Sicherheitsüberprüfungen in öffentlichen und privaten Beschäftigungsverhältnissen

Mit der Änderung des Sicherheitsüberprüfungsgesetzes 2002 wurde die Befugnis, Sicherheitsüberprüfungen durch das Bundesamt für Verfassungsschutz bzw. das BKA durchführen zu lassen, erheblich erweitert. Die Folge ist, dass zahlreiche Mitarbeiterinnen und Mitarbeiter bspw. in Kraftwerken, Chemieanlagen oder wichtigen Infrastruktureinrichtungen sich vor Anstellung überprüfen lassen müssen. Wir wollen wissen, wie viele Menschen davon betroffen sind und was mit den erfassten Daten passiert.

Sicherheitsbefragungen bei Staatsangehörigen bestimmter Herkunftsländer

Nach dem deutschen Ausländerrecht wird ausgewiesen, wer gegenüber der Ausländerbehörde Kontakte zu vermeintlich terroristischen Organisationen oder Aufenthalte in bestimmten Ländern verschweigt. Um ein solches »Verschweigen« überhaupt erst herbeizuführen, lassen mehrere Bundesländer mittlerweile von Staatsangehörigen bestimmter Herkunftsstaaten einen Fragebogen ausfüllen. Davon sind besonders Studierende betroffen, die ihren zunächst nur einjährigen Aufenthalt verlängern wollen.

Ausländerfeindliche und rechtsextremistische Ausschreitungen in der Bundesrepublik Deutschland im Juli 2008

Abgefragt werden die monatlichen von Rechtsextremisten begangenen Straftaten, um die Öffentlichkeit frühzeitig über die Entwicklung dieser Straftaten zu informieren und aktuelle Gefährdungspotentiale aufzuzeigen. Für Opfergruppen, die Medien, Wissenschaftler, jüdischen Organisationen und Verbände etc. bieten diese monatlichen Kleinen Anfragen mittlerweile eine wichtig gewordene Orientierung.

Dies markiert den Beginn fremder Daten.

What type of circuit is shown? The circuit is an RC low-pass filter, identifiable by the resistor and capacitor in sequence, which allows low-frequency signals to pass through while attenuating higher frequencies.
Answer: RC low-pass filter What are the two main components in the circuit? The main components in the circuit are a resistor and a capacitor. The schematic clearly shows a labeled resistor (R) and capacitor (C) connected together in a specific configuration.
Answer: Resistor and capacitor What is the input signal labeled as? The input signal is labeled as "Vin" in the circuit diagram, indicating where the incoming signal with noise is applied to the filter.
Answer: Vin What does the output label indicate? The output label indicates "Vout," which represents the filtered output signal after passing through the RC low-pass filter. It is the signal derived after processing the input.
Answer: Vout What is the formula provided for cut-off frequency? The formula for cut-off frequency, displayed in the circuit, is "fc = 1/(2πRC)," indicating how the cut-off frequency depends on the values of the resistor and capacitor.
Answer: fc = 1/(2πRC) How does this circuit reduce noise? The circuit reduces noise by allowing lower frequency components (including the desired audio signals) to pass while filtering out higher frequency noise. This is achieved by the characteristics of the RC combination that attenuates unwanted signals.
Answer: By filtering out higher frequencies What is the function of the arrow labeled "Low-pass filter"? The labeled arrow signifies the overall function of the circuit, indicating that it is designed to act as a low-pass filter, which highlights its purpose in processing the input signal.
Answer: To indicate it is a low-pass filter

Abschiebungen im Jahr 2007

Die Anfrage dient im Wesentlichen dazu, in konzentrierter Form Informationen zum gesamten Komplex Abschiebungen, Rückschiebung und Zurückweisung zu erhalten und damit einen der inhumansten Teile des deutschen Aufenthaltsrechts zu beleuchten.

Ermittlungen gegen frühere jüdische Partisanen in Litauen

Ehemalige jüdische Partisanen, die in Litauen gegen Nazis und Kollaborateure gekämpft haben, klagen über antisemitisch und geschichtsrevisionistische Verfolgung durch die litauische Staatsanwaltschaft und Medien. Uns als antifaschistische, internationalistische Partei und Fraktion kann das nicht kalt lassen.

Kritik der Vereinten Nationen an der bundesdeutschen Antirassismuspolitik

Der UN-Ausschuss für die Beseitigung jeder Form des Rassismus bemängelt die unzureichenden Maßnahmen der Bundesregierung gegen Rassismus. Die Bundesrepublik habe Verpflichtungen aus der »Internationalen Konvention zur Beseitigung jeder Form von Rassismus« bislang nicht erfüllt. Die Kleine Anfrage greift die vom UN-Ausschuss in seinem Länderbericht zu Deutschland formulierten konkreten Kritikpunkte auf.